The exam was like the tidal wave; I think "I got this" when really, I'm powerless to the current underneath me, sweeping me away.

Next week is anxiety provoking: Psych final, Pharm test #2, begin med-surg, and another clinical exam coming my way.

I can do the math. I swear up and down that I can. I've been practicing problems. I know what I'm doing, and yet this week, the anxiety of my future was momentarily overpowering.

I was studying pharmacology and simply overwhelmed by the content. Adrenergic? Cholinergic? Sympathomimetic? What. The. Heck.

I almost took an over the counter anxiety reducer (who knows what it would do)
I almost took a shot of alcohol (I don't really drink, but I rationed; maybe it'll help)

My heart was racing, my stomach was sinking, my thoughts were rampant. Am I losing my mind or what?

It's the drowning sensation.

I realized the only thing I wasn't doing, and the only thing that would help was to lie in surrender to my Maker. To pray Scripture out loud. To surround myself with the One who knows me, who created me, who has not given me a Spirit of fear, but a spirit of power, love, and self-discipline.

It was eye-opening, humbling.

This battle isn't mine. I just think it is, act like it is. This battle is the Lord's. If He wants me to become a nurse, in His timing, I won't be, can't be stopped. It's His will, after all.

Naturally, surrendering is challenging. But I find my life when I lay it down.

Why, oh why, can't I remember this with every breath that I am?

~

I finished my psych rotation today. Termination, as they say, is hard. This rotation, though, taught me about mental health, and mental illness. I'm really sad for the milieu I leave behind, knowing that for them, their lives are (for the most part) going to be a continuous battle.

One client I connected well with, (we'll call him John) taught me that just because you have a mental illness, it's not what defines you. It's not what makes you. It's a part of who you are, but it's not your definition. John and I spoke today about being sensitive, and what that really means. He said it's actually being "connected" and I liked that, one, because I've been called sensitive my whole life, and two, it was practical.

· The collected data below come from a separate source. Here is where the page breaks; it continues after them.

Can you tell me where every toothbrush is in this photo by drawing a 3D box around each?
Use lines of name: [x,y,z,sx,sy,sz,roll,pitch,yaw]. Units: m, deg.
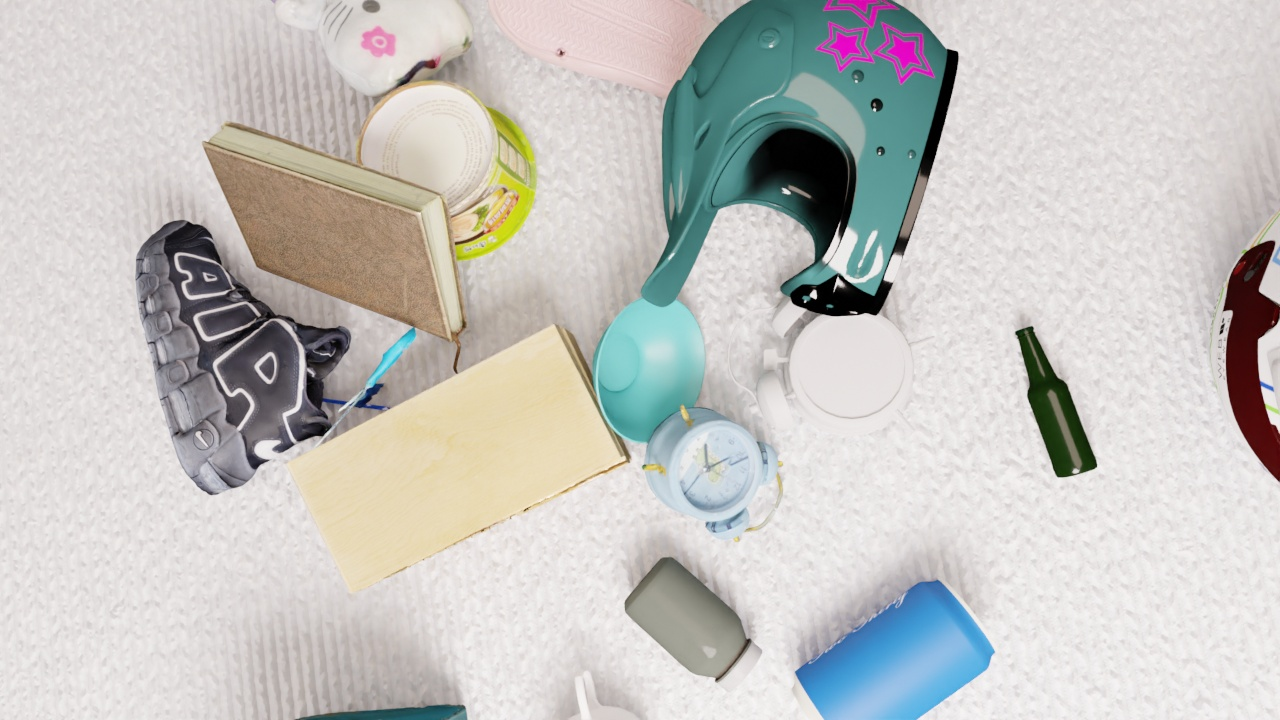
toothbrush: [-0.314,0.029,0.817,0.187,0.016,0.011,6,83,4]

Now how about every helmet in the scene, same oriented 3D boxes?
helmet: [0.519,-0.011,0.621,0.231,0.236,0.314,35,81,4]
helmet: [0.110,-0.157,0.704,0.200,0.176,0.274,17,78,5]

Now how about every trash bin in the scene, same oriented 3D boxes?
trash bin: [-0.213,0.387,0.690,0.196,0.199,0.218,-6,77,4]

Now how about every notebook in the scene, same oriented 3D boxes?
notebook: [-0.243,-0.087,0.765,0.215,0.190,0.034,20,51,16]

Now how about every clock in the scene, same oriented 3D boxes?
clock: [0.151,0.004,0.752,0.159,0.061,0.120,13,86,12]
clock: [0.063,0.092,0.744,0.124,0.052,0.088,36,82,-19]

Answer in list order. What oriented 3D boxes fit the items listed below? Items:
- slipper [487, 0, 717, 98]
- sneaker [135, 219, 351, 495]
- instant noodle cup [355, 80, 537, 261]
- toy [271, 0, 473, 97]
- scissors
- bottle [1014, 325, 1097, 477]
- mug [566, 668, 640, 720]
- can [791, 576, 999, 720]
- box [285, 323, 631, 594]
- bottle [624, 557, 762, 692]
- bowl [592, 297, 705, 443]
slipper: [-0.030,-0.291,0.798,0.221,0.056,0.106,23,88,-3]
sneaker: [-0.329,-0.024,0.783,0.150,0.097,0.252,-17,72,-11]
instant noodle cup: [-0.167,-0.163,0.778,0.146,0.098,0.146,-1,84,6]
toy: [-0.250,-0.307,0.800,0.209,0.086,0.137,41,56,15]
scissors: [-0.227,0.027,0.756,0.014,0.127,0.127,37,63,-9]
bottle: [0.331,0.032,0.740,0.033,0.033,0.123,-18,82,4]
mug: [-0.034,0.305,0.729,0.090,0.076,0.124,-14,83,4]
can: [0.194,0.238,0.710,0.146,0.079,0.079,-36,82,1]
box: [-0.147,0.081,0.760,0.249,0.092,0.128,-26,79,4]
bottle: [0.043,0.213,0.738,0.108,0.060,0.060,41,89,8]
bowl: [-0.004,0.004,0.758,0.046,0.121,0.121,11,84,47]

John has great ambitions for life, and I wish I could follow his story in the months and years to come. But, I can't. So, just like the residents I "left behind" during my first semester, so too, are the clients I leave behind at the mental health hospital.

I hope to never forget what the milieu was like; the clients talking to themselves, getting irate over their meals, having hallucinations, security needing to be called on a daily basis. The 9 am meetings, where the clients rated their overall well-being on a scale of 1-10. The stretching led by clients that often involved very little stretching, but did include random body movements. Their coffee break; watery coffee served in small Styrofoam cups. Shadowing a physician as he held individual meetings with the clients, and taught me therapeutic communication, reading lab work, and deciphering fact from fiction. Group therapy, where hallucinations and interruptions abounded, and hours of conversations held at the small round table in the corner of the milieu.

It was an experience that expanded and stretched me, as a student nurse, but more than that, as a human being.  

I liked mental health nursing a lot more than I thought I would, and I think I'll miss it, too.

Mental health is a continuum, as they say.